Lets test normality and Homocesdasticity again.
shapiro.test(model_step2$residuals)##
## Shapiro-Wilk normality test
##
## data: model_step2$residuals
## W = 0.94623, p-value = 1.974e-10
bptest(model_step2)##
## studentized Breusch-Pagan test
##
## data: model_step2
## BP = 4.3907, df = 5, p-value = 0.4946
Based on the result, the data still don’t pass normality test but pass Homocesdasticity test.
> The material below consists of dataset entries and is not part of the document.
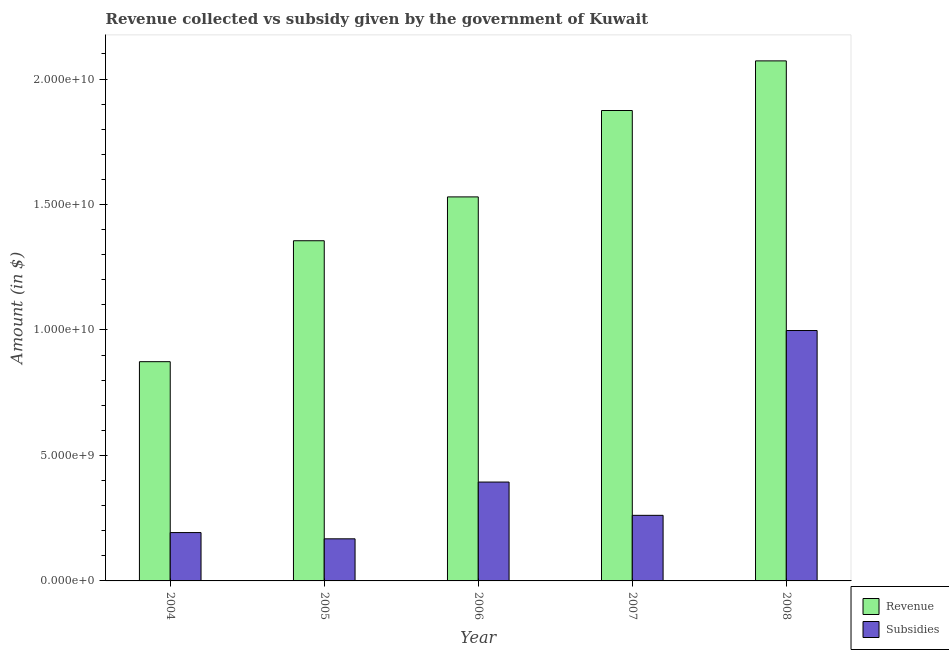How many groups of bars are there?
Your response must be concise. 5. Are the number of bars on each tick of the X-axis equal?
Provide a succinct answer. Yes. How many bars are there on the 5th tick from the left?
Your answer should be compact. 2. What is the label of the 1st group of bars from the left?
Your response must be concise. 2004. What is the amount of revenue collected in 2006?
Provide a succinct answer. 1.53e+1. Across all years, what is the maximum amount of subsidies given?
Your answer should be very brief. 9.98e+09. Across all years, what is the minimum amount of revenue collected?
Offer a terse response. 8.74e+09. In which year was the amount of revenue collected maximum?
Provide a short and direct response. 2008. What is the total amount of revenue collected in the graph?
Provide a short and direct response. 7.71e+1. What is the difference between the amount of subsidies given in 2004 and that in 2007?
Make the answer very short. -6.87e+08. What is the difference between the amount of subsidies given in 2005 and the amount of revenue collected in 2004?
Make the answer very short. -2.49e+08. What is the average amount of revenue collected per year?
Provide a short and direct response. 1.54e+1. In the year 2008, what is the difference between the amount of subsidies given and amount of revenue collected?
Keep it short and to the point. 0. In how many years, is the amount of subsidies given greater than 13000000000 $?
Offer a terse response. 0. What is the ratio of the amount of revenue collected in 2005 to that in 2006?
Give a very brief answer. 0.89. Is the amount of subsidies given in 2005 less than that in 2008?
Offer a terse response. Yes. Is the difference between the amount of subsidies given in 2005 and 2007 greater than the difference between the amount of revenue collected in 2005 and 2007?
Offer a very short reply. No. What is the difference between the highest and the second highest amount of subsidies given?
Offer a terse response. 6.04e+09. What is the difference between the highest and the lowest amount of revenue collected?
Provide a succinct answer. 1.20e+1. In how many years, is the amount of revenue collected greater than the average amount of revenue collected taken over all years?
Keep it short and to the point. 2. Is the sum of the amount of revenue collected in 2004 and 2005 greater than the maximum amount of subsidies given across all years?
Make the answer very short. Yes. What does the 1st bar from the left in 2008 represents?
Ensure brevity in your answer.  Revenue. What does the 2nd bar from the right in 2004 represents?
Make the answer very short. Revenue. How many bars are there?
Provide a short and direct response. 10. Are all the bars in the graph horizontal?
Ensure brevity in your answer.  No. How many years are there in the graph?
Give a very brief answer. 5. Does the graph contain grids?
Give a very brief answer. No. What is the title of the graph?
Offer a terse response. Revenue collected vs subsidy given by the government of Kuwait. Does "Researchers" appear as one of the legend labels in the graph?
Your response must be concise. No. What is the label or title of the X-axis?
Your response must be concise. Year. What is the label or title of the Y-axis?
Your answer should be very brief. Amount (in $). What is the Amount (in $) of Revenue in 2004?
Ensure brevity in your answer.  8.74e+09. What is the Amount (in $) of Subsidies in 2004?
Ensure brevity in your answer.  1.93e+09. What is the Amount (in $) in Revenue in 2005?
Offer a terse response. 1.36e+1. What is the Amount (in $) in Subsidies in 2005?
Ensure brevity in your answer.  1.68e+09. What is the Amount (in $) in Revenue in 2006?
Offer a terse response. 1.53e+1. What is the Amount (in $) of Subsidies in 2006?
Offer a terse response. 3.94e+09. What is the Amount (in $) of Revenue in 2007?
Provide a short and direct response. 1.87e+1. What is the Amount (in $) of Subsidies in 2007?
Your answer should be compact. 2.61e+09. What is the Amount (in $) in Revenue in 2008?
Keep it short and to the point. 2.07e+1. What is the Amount (in $) in Subsidies in 2008?
Your answer should be compact. 9.98e+09. Across all years, what is the maximum Amount (in $) of Revenue?
Provide a short and direct response. 2.07e+1. Across all years, what is the maximum Amount (in $) of Subsidies?
Your answer should be very brief. 9.98e+09. Across all years, what is the minimum Amount (in $) in Revenue?
Your answer should be very brief. 8.74e+09. Across all years, what is the minimum Amount (in $) of Subsidies?
Your response must be concise. 1.68e+09. What is the total Amount (in $) in Revenue in the graph?
Provide a short and direct response. 7.71e+1. What is the total Amount (in $) in Subsidies in the graph?
Offer a very short reply. 2.01e+1. What is the difference between the Amount (in $) of Revenue in 2004 and that in 2005?
Provide a succinct answer. -4.82e+09. What is the difference between the Amount (in $) in Subsidies in 2004 and that in 2005?
Provide a short and direct response. 2.49e+08. What is the difference between the Amount (in $) of Revenue in 2004 and that in 2006?
Offer a very short reply. -6.57e+09. What is the difference between the Amount (in $) in Subsidies in 2004 and that in 2006?
Offer a terse response. -2.01e+09. What is the difference between the Amount (in $) of Revenue in 2004 and that in 2007?
Keep it short and to the point. -1.00e+1. What is the difference between the Amount (in $) in Subsidies in 2004 and that in 2007?
Make the answer very short. -6.87e+08. What is the difference between the Amount (in $) of Revenue in 2004 and that in 2008?
Your response must be concise. -1.20e+1. What is the difference between the Amount (in $) in Subsidies in 2004 and that in 2008?
Provide a succinct answer. -8.05e+09. What is the difference between the Amount (in $) of Revenue in 2005 and that in 2006?
Provide a short and direct response. -1.75e+09. What is the difference between the Amount (in $) of Subsidies in 2005 and that in 2006?
Keep it short and to the point. -2.26e+09. What is the difference between the Amount (in $) of Revenue in 2005 and that in 2007?
Ensure brevity in your answer.  -5.19e+09. What is the difference between the Amount (in $) of Subsidies in 2005 and that in 2007?
Ensure brevity in your answer.  -9.36e+08. What is the difference between the Amount (in $) in Revenue in 2005 and that in 2008?
Offer a terse response. -7.17e+09. What is the difference between the Amount (in $) of Subsidies in 2005 and that in 2008?
Ensure brevity in your answer.  -8.30e+09. What is the difference between the Amount (in $) in Revenue in 2006 and that in 2007?
Your answer should be compact. -3.44e+09. What is the difference between the Amount (in $) in Subsidies in 2006 and that in 2007?
Keep it short and to the point. 1.33e+09. What is the difference between the Amount (in $) of Revenue in 2006 and that in 2008?
Provide a succinct answer. -5.42e+09. What is the difference between the Amount (in $) in Subsidies in 2006 and that in 2008?
Your answer should be very brief. -6.04e+09. What is the difference between the Amount (in $) of Revenue in 2007 and that in 2008?
Keep it short and to the point. -1.98e+09. What is the difference between the Amount (in $) in Subsidies in 2007 and that in 2008?
Ensure brevity in your answer.  -7.36e+09. What is the difference between the Amount (in $) of Revenue in 2004 and the Amount (in $) of Subsidies in 2005?
Offer a terse response. 7.06e+09. What is the difference between the Amount (in $) of Revenue in 2004 and the Amount (in $) of Subsidies in 2006?
Make the answer very short. 4.80e+09. What is the difference between the Amount (in $) in Revenue in 2004 and the Amount (in $) in Subsidies in 2007?
Offer a terse response. 6.12e+09. What is the difference between the Amount (in $) of Revenue in 2004 and the Amount (in $) of Subsidies in 2008?
Provide a short and direct response. -1.24e+09. What is the difference between the Amount (in $) in Revenue in 2005 and the Amount (in $) in Subsidies in 2006?
Offer a terse response. 9.62e+09. What is the difference between the Amount (in $) of Revenue in 2005 and the Amount (in $) of Subsidies in 2007?
Make the answer very short. 1.09e+1. What is the difference between the Amount (in $) of Revenue in 2005 and the Amount (in $) of Subsidies in 2008?
Your response must be concise. 3.58e+09. What is the difference between the Amount (in $) in Revenue in 2006 and the Amount (in $) in Subsidies in 2007?
Your response must be concise. 1.27e+1. What is the difference between the Amount (in $) of Revenue in 2006 and the Amount (in $) of Subsidies in 2008?
Make the answer very short. 5.32e+09. What is the difference between the Amount (in $) of Revenue in 2007 and the Amount (in $) of Subsidies in 2008?
Your answer should be very brief. 8.77e+09. What is the average Amount (in $) in Revenue per year?
Offer a terse response. 1.54e+1. What is the average Amount (in $) of Subsidies per year?
Keep it short and to the point. 4.03e+09. In the year 2004, what is the difference between the Amount (in $) of Revenue and Amount (in $) of Subsidies?
Your answer should be very brief. 6.81e+09. In the year 2005, what is the difference between the Amount (in $) in Revenue and Amount (in $) in Subsidies?
Offer a very short reply. 1.19e+1. In the year 2006, what is the difference between the Amount (in $) in Revenue and Amount (in $) in Subsidies?
Your answer should be compact. 1.14e+1. In the year 2007, what is the difference between the Amount (in $) in Revenue and Amount (in $) in Subsidies?
Keep it short and to the point. 1.61e+1. In the year 2008, what is the difference between the Amount (in $) in Revenue and Amount (in $) in Subsidies?
Provide a short and direct response. 1.07e+1. What is the ratio of the Amount (in $) in Revenue in 2004 to that in 2005?
Keep it short and to the point. 0.64. What is the ratio of the Amount (in $) in Subsidies in 2004 to that in 2005?
Your response must be concise. 1.15. What is the ratio of the Amount (in $) in Revenue in 2004 to that in 2006?
Your answer should be compact. 0.57. What is the ratio of the Amount (in $) in Subsidies in 2004 to that in 2006?
Provide a succinct answer. 0.49. What is the ratio of the Amount (in $) of Revenue in 2004 to that in 2007?
Provide a succinct answer. 0.47. What is the ratio of the Amount (in $) in Subsidies in 2004 to that in 2007?
Provide a short and direct response. 0.74. What is the ratio of the Amount (in $) of Revenue in 2004 to that in 2008?
Make the answer very short. 0.42. What is the ratio of the Amount (in $) of Subsidies in 2004 to that in 2008?
Offer a very short reply. 0.19. What is the ratio of the Amount (in $) in Revenue in 2005 to that in 2006?
Provide a succinct answer. 0.89. What is the ratio of the Amount (in $) of Subsidies in 2005 to that in 2006?
Keep it short and to the point. 0.43. What is the ratio of the Amount (in $) in Revenue in 2005 to that in 2007?
Provide a short and direct response. 0.72. What is the ratio of the Amount (in $) of Subsidies in 2005 to that in 2007?
Your answer should be compact. 0.64. What is the ratio of the Amount (in $) in Revenue in 2005 to that in 2008?
Make the answer very short. 0.65. What is the ratio of the Amount (in $) in Subsidies in 2005 to that in 2008?
Make the answer very short. 0.17. What is the ratio of the Amount (in $) in Revenue in 2006 to that in 2007?
Your answer should be compact. 0.82. What is the ratio of the Amount (in $) of Subsidies in 2006 to that in 2007?
Offer a very short reply. 1.51. What is the ratio of the Amount (in $) in Revenue in 2006 to that in 2008?
Your answer should be very brief. 0.74. What is the ratio of the Amount (in $) of Subsidies in 2006 to that in 2008?
Keep it short and to the point. 0.39. What is the ratio of the Amount (in $) in Revenue in 2007 to that in 2008?
Provide a succinct answer. 0.9. What is the ratio of the Amount (in $) of Subsidies in 2007 to that in 2008?
Provide a succinct answer. 0.26. What is the difference between the highest and the second highest Amount (in $) of Revenue?
Keep it short and to the point. 1.98e+09. What is the difference between the highest and the second highest Amount (in $) in Subsidies?
Ensure brevity in your answer.  6.04e+09. What is the difference between the highest and the lowest Amount (in $) of Revenue?
Ensure brevity in your answer.  1.20e+1. What is the difference between the highest and the lowest Amount (in $) in Subsidies?
Provide a succinct answer. 8.30e+09.

It mean the predictor might be still biased. So lets check the residual plot.
qqPlot(model_step2$residuals)## 10 66
## 194 243
Based on the result, some of the residuals still outside the line.
Even after we tweak the model, it still have not pass the normality test. It means the predictor might be biased. Overall the model is good, the model can explain 84% of the data with MAPE is 0.015 and RMSE is 0.03. It is better than the previous model but unfortunately with higher MAPE.